オープンソース

図書館サービスプラットフォームFOLIO、図書館員にとっての利便性向上を図ったJuniper版を公開:「FOLIOダッシュボード」の導入を含む機能強化を実施

2021年10月4日、オープンソースの図書館サービスプラットフォーム(LSP)をコミュニティベースで開発するイニシアチブ“FOLIO”は、最新の愛称付きリリースとしてJuniper版を公開したことを発表しました。

FOLIOのJuniper版では、図書館員にとっての利便性向上を図った機能強化が行われました。
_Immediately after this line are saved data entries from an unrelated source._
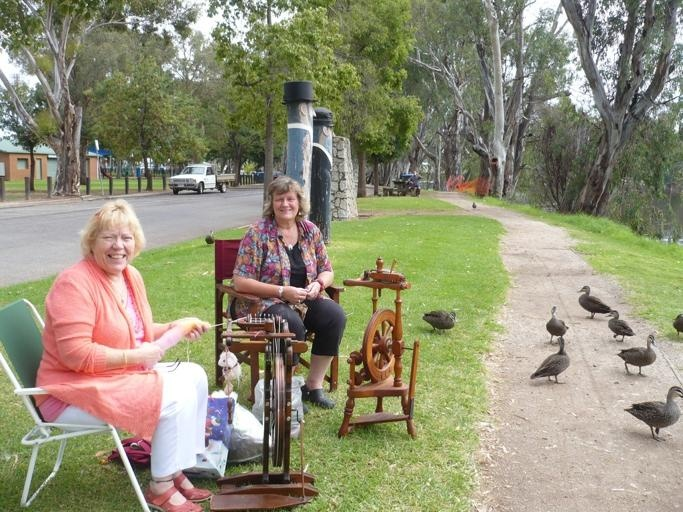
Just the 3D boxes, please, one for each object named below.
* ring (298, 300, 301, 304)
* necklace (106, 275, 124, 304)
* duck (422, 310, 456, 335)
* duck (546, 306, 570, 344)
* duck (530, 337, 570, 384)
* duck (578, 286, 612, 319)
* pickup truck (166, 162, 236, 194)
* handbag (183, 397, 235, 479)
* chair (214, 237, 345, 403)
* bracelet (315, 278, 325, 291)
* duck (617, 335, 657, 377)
[{"bbox_3d":[-0.409,0.421,5.698,0.008,0.035,0.031,6,12,44],"label":"ring"},{"bbox_3d":[-1.679,0.248,4.535,0.130,0.174,0.172,-4,-2,-29],"label":"necklace"},{"bbox_3d":[1.312,0.860,8.255,0.417,0.312,0.229,13,16,37],"label":"duck"},{"bbox_3d":[2.873,0.890,8.122,0.252,0.526,0.488,5,8,39],"label":"duck"},{"bbox_3d":[2.343,1.171,6.851,0.425,0.479,0.520,5,9,12],"label":"duck"},{"bbox_3d":[3.834,0.693,9.218,0.509,0.474,0.286,4,3,27],"label":"duck"},{"bbox_3d":[-9.578,-5.269,41.087,2.720,2.056,5.491,3,7,-2],"label":"pickup truck"},{"bbox_3d":[-1.003,1.451,4.977,0.622,0.532,0.506,3,7,-6],"label":"handbag"},{"bbox_3d":[-0.821,0.402,6.359,0.797,1.994,0.957,0,1,-26],"label":"chair"},{"bbox_3d":[-0.218,0.273,5.939,0.045,0.123,0.086,-20,-3,21],"label":"bracelet"},{"bbox_3d":[3.416,1.137,7.102,0.269,0.490,0.546,5,0,-25],"label":"duck"}]

その中には、FOLIOアプリ全体の主要な情報を一目で確認できる「FOLIOダッシュボード」の導入も含まれています。

FOLIO Launches Juniper Release(FOLIO, 2021/10/4)
https://www.folio.org/about/news-events/article/folio-launches-juniper-release/

フランスの高等教育・研究・イノベーション省(MESRI)、データ・アルゴリズム・ソースコードの戦略に関する2021年から2024年のロードマップを発表

2021年9月24日、フランスの高等教育・研究・イノベーション省(MESRI)が、データ、アルゴリズム、ソースコードの戦略に関する2021年から2024年のロードマップを発表しました。
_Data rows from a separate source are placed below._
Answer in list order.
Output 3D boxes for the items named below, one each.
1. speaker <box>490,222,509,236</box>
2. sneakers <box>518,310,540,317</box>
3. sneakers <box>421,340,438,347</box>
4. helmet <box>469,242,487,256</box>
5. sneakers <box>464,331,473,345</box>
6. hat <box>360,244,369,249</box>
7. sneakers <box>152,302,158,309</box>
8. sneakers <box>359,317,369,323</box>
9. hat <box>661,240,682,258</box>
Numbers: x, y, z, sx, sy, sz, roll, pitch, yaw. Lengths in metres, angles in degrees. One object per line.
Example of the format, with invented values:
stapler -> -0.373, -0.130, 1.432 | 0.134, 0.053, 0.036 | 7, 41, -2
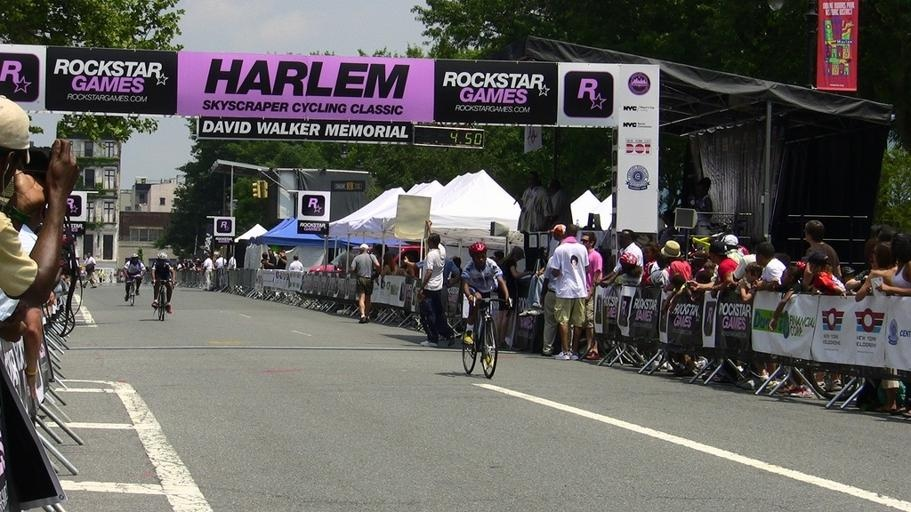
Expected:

データやアルゴリズム、ソースコードの公開・共有・活用のための4か年計画であり、「イノベーション」「信頼性」「簡素化」の3つに関する戦略と以下の5つの目標が示されています。

・データの公開・利活用サービスの推進、開発、相互化
・フランスおよび欧州の技術的な主権・独立に貢献する
・データに関する文化や使用法の発展
・データ、アルゴリズム、コードを全ての人の共通財産とする
・高等教育、研究、イノベーションのデータの国際的な可視性を向上する

オープンソースのディスカバリーサービス“VuFind”のバージョン8.0が公開

米・ヴィラノヴァ大学図書館が開発しているオープンソースのディスカバリーサービス“VuFind”のVersion 8.0が、2021年9月20日に公開されました。

インデックス作成プロセスの大幅な強化、引用・参考文献生成機能の改善・更新、所蔵管理支援機能の拡張、書誌画面への蔵書票の画像表示支援などが主な追加点・変更点としてあげられています。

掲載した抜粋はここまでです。